Once the signatures are filed, the board will certify the question for 2006. If the signatures are found valid, the current law will be suspended.

That means dove hunting will not be allowed in 2005. And the 2006 season will be determined by the voters.

"Everything would cease until it goes to a vote because they are challenging the law," said Al Stewart, the DNR's upland gamebird specialist. "That's the bottom line."

Straight story on doves

The bottom line, perhaps. But not the end. It will now be up to hunting groups and wildlife-management agencies to make sure if this happens, that the public gets the straight scoop on doves.

I am not a dove-hunting enthusiast, as some of you know, but I am opposed to a referendum for determining this question.

We already have a good system for establishing wildlife-policy decisions. It's a system that is open to the public if the public will use it.

It is also a system that the public strongly endorsed in 1996 when it approved Proposal G at the polls -- another referendum that called for wildlife-policy decisions to be made based on sound science by the state's Natural Resources Commission.

I have to hand it to the dove-hunting opponents. I didn't think they could pull the numbers.

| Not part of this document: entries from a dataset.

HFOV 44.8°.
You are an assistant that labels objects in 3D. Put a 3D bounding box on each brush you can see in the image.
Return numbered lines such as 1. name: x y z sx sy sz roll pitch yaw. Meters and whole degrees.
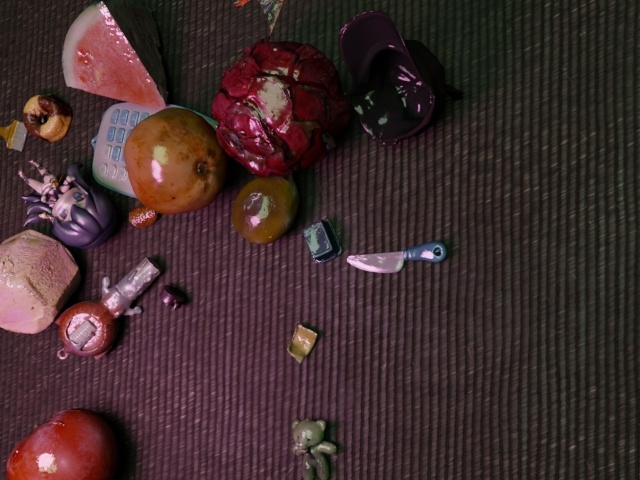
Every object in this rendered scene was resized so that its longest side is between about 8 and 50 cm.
1. brush: -0.921 -0.315 2.219 0.205 0.011 0.083 16 91 20

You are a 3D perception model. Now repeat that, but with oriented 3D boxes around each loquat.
1. loquat: -0.128 -0.080 1.869 0.152 0.152 0.195 39 106 17

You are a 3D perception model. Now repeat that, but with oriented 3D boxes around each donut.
1. donut: -0.759 -0.343 2.145 0.140 0.059 0.140 -1 87 21

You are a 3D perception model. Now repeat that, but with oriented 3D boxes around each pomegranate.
1. pomegranate: -0.354 -0.185 1.850 0.270 0.229 0.252 9 124 51

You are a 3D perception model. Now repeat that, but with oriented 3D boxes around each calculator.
1. calculator: -0.440 -0.233 2.032 0.386 0.054 0.256 11 89 20

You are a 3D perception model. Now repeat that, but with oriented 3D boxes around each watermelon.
1. watermelon: -0.528 -0.467 1.964 0.283 0.250 0.292 -51 56 16

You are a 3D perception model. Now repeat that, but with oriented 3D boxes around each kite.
1. kite: -0.140 -0.648 1.992 0.189 0.009 0.232 -27 78 14

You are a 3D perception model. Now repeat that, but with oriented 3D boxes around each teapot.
1. teapot: -0.379 0.145 1.972 0.045 0.068 0.100 -54 37 9

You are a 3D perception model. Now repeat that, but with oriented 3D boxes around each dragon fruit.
1. dragon fruit: -0.095 -0.302 1.793 0.329 0.329 0.329 -2 85 18

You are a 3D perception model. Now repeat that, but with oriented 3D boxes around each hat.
1. hat: 0.189 -0.394 1.745 0.238 0.336 0.209 19 53 35

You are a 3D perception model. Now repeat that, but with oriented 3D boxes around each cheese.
1. cheese: -0.048 0.249 1.866 0.060 0.041 0.084 26 78 11

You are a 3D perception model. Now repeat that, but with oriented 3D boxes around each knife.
1. knife: 0.178 0.045 1.820 0.244 0.032 0.058 -11 90 21

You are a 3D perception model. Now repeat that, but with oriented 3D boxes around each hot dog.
1. hot dog: -0.460 -0.067 2.032 0.083 0.035 0.058 -19 79 16

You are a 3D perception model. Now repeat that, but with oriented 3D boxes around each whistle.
1. whistle: -0.548 0.182 1.996 0.346 0.134 0.142 -44 79 1

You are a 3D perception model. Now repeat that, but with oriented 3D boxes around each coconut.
1. coconut: -0.754 0.094 2.016 0.233 0.245 0.233 4 126 5

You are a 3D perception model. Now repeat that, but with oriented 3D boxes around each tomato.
1. tomato: -0.626 0.550 1.919 0.265 0.265 0.265 -2 85 18

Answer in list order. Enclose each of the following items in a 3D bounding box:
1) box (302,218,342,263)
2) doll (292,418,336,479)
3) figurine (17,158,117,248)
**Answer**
1. box: 0.000 0.000 1.865 0.074 0.054 0.099 -25 77 13
2. doll: -0.021 0.494 1.823 0.115 0.077 0.150 -11 93 27
3. figurine: -0.648 -0.092 2.012 0.175 0.197 0.265 -47 65 15

But if their signatures prove valid they will have exemplified all that is good about a democracy. They will have channeled their concern constructively and elevated it to a statewide vote. That is the highest form of praise for our system of government.

But having said that I continue to believe a referendum on this would be a mistake, an open door leading to a slippery slope where wildlife policies get determined by emotional appeals at the supermarket or by private citizens with enough money to mount a effective PR campaign rather than based on sound science with the input of concerned citizens.

Don't like hunting toads? Let's vote on it. Raccoon hunting galls you? Cast your ballot. The public voted in 1996 on Proposal G. Now some don't like one outcome, so they want to go back to the polls.

That's pathetic.

Dove hunters have pooh-poohed the emotional appeals and concerns of their opponents. They dismiss the affinity people have for songbirds and backyard friends. They are also wrong to suggest it has no place in the discussion.

There should be a place for the emotional content. It is a life-and-death decision, after all -- not simply cold numbers cloaked in euphemistic phrases like harvest and yield. Hunting doves is not about managing the population the way we do for deer or bear. It's about a decision to shoot a songbird for sport.

Those emotional voices are the conscience of our society talking. That is something that responsible policy makers need to hear. If they don't have a stomach for it, they are in the wrong job.

Animals and birds that the state manages are not the exclusive domain of those that hunt, a steadily shrinking portion of the population. They are the property of the state and all who live here. Wildlife-policy makers who do not grasp that fact need to prepare for unwanted results at the polls.

But that emotional content also shouldn't be the basis for making the decision -- which must rely first on sound biological principals and data. That's what voters have already said loud and clear with Proposal G.